Acting in Dumont’s more recent films is a deliberately stylized range from stand-and-deliver declaiming to tic-ridden emoting. The churchmen judging Joan are caricatures both self-righteous and buffoonish, sporting many of the facial quirks and gestures that have typified performances in Dumont’s comedies. 

Joan herself is a resolved and immovable presence, her voice a plainspoken childish piping against the elaborate canonical arguments of the men. As she refuses once again to repudiate her testimony, a bizarre falsetto ballad describing the horrors of hell is made to emanate from the mouth of an elderly hooded priest. His fellow clerics appear to lose control of their eyes, which roll, bug out, and tremble. 

The director doesn’t stint on his portrayal the trial, and like other films on Joan, follows material from the medieval transcripts. When it comes to what many a director might consider the meaty narrative payoff of the story, the torture, sentencing, and execution of Joan, Dumont again deliberately avoids the obvious. A rack in the shape of a cross is prepared in the shadow of former Nazi bunkers on the Normandy coast, but the scene involves the torturer and his apprentice discussing the effectiveness of an iron leg cuff.

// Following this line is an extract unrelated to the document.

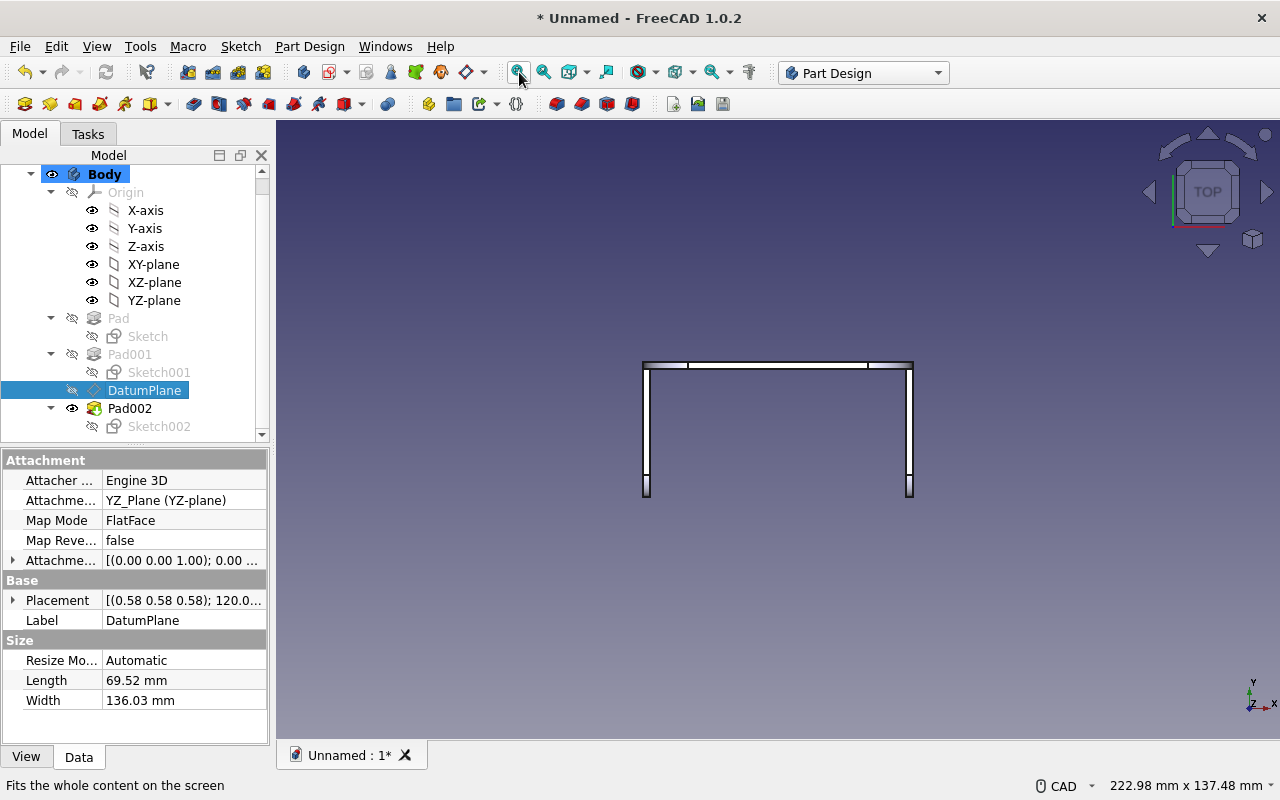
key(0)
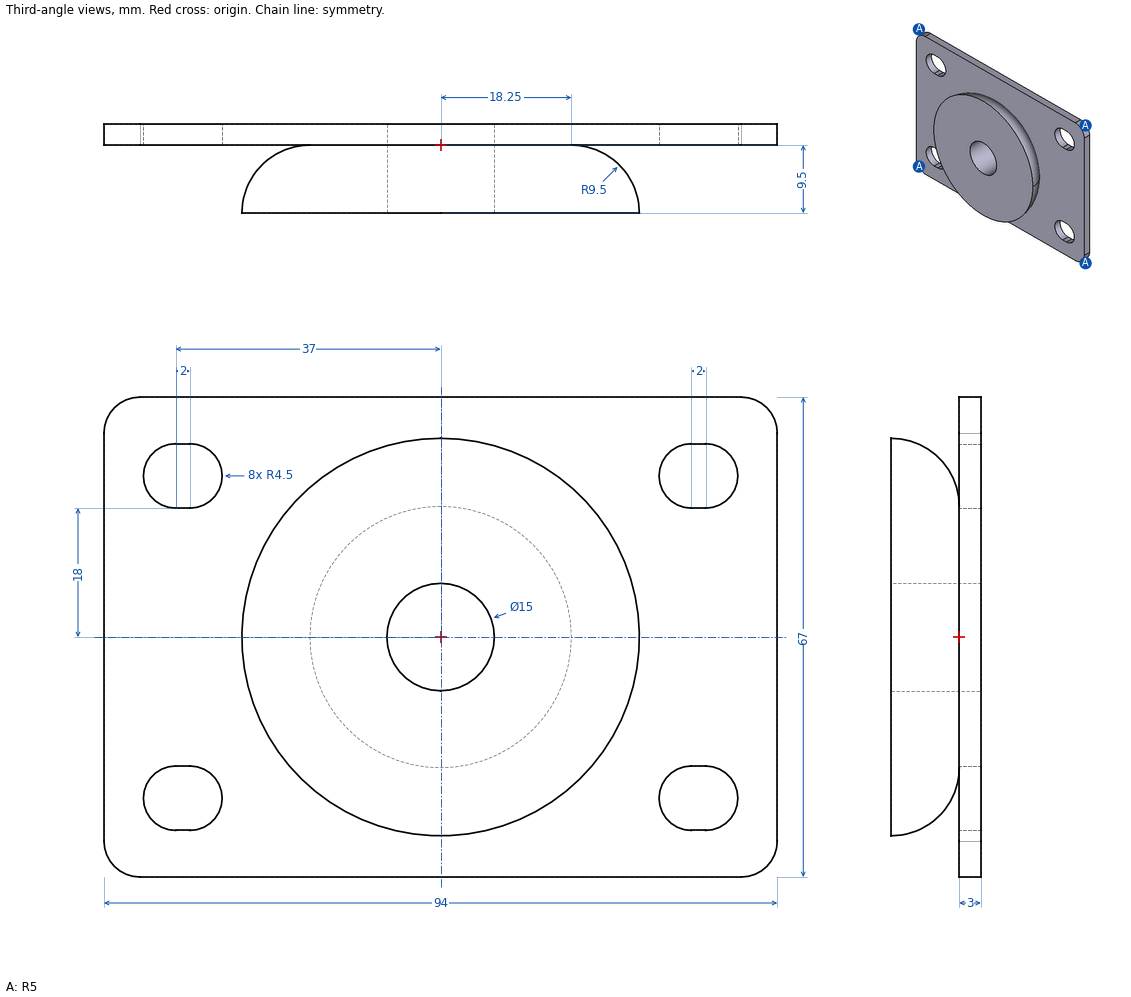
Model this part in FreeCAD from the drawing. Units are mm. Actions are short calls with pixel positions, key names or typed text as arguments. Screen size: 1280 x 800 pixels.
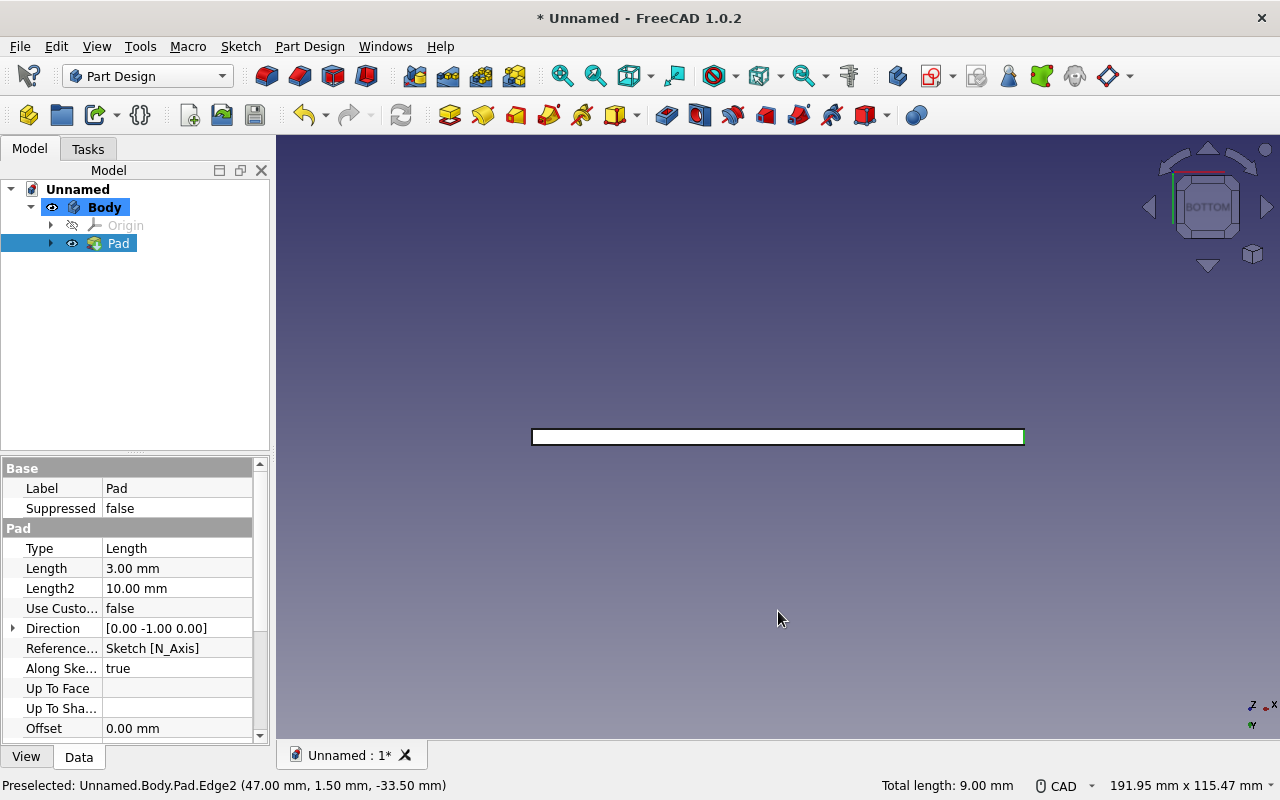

More torture materials are laid out in the cathedral in the presence of the jurors, but the clerics argue conversion methods for heretics among themselves. The bunkers are seen again as Joan’s English prison. Her execution is arranged and then delayed, all of this relayed by way of gossip among three loutish young guards. When Dumont finally suggests the start of the execution, only a small immobile figure at a stake is seen far in the distance.

Barbara Scharres

Barbara Scharres is the former Director of Programming at the Gene Siskel Film Center, a public program of the School of the Art Institute of Chicago.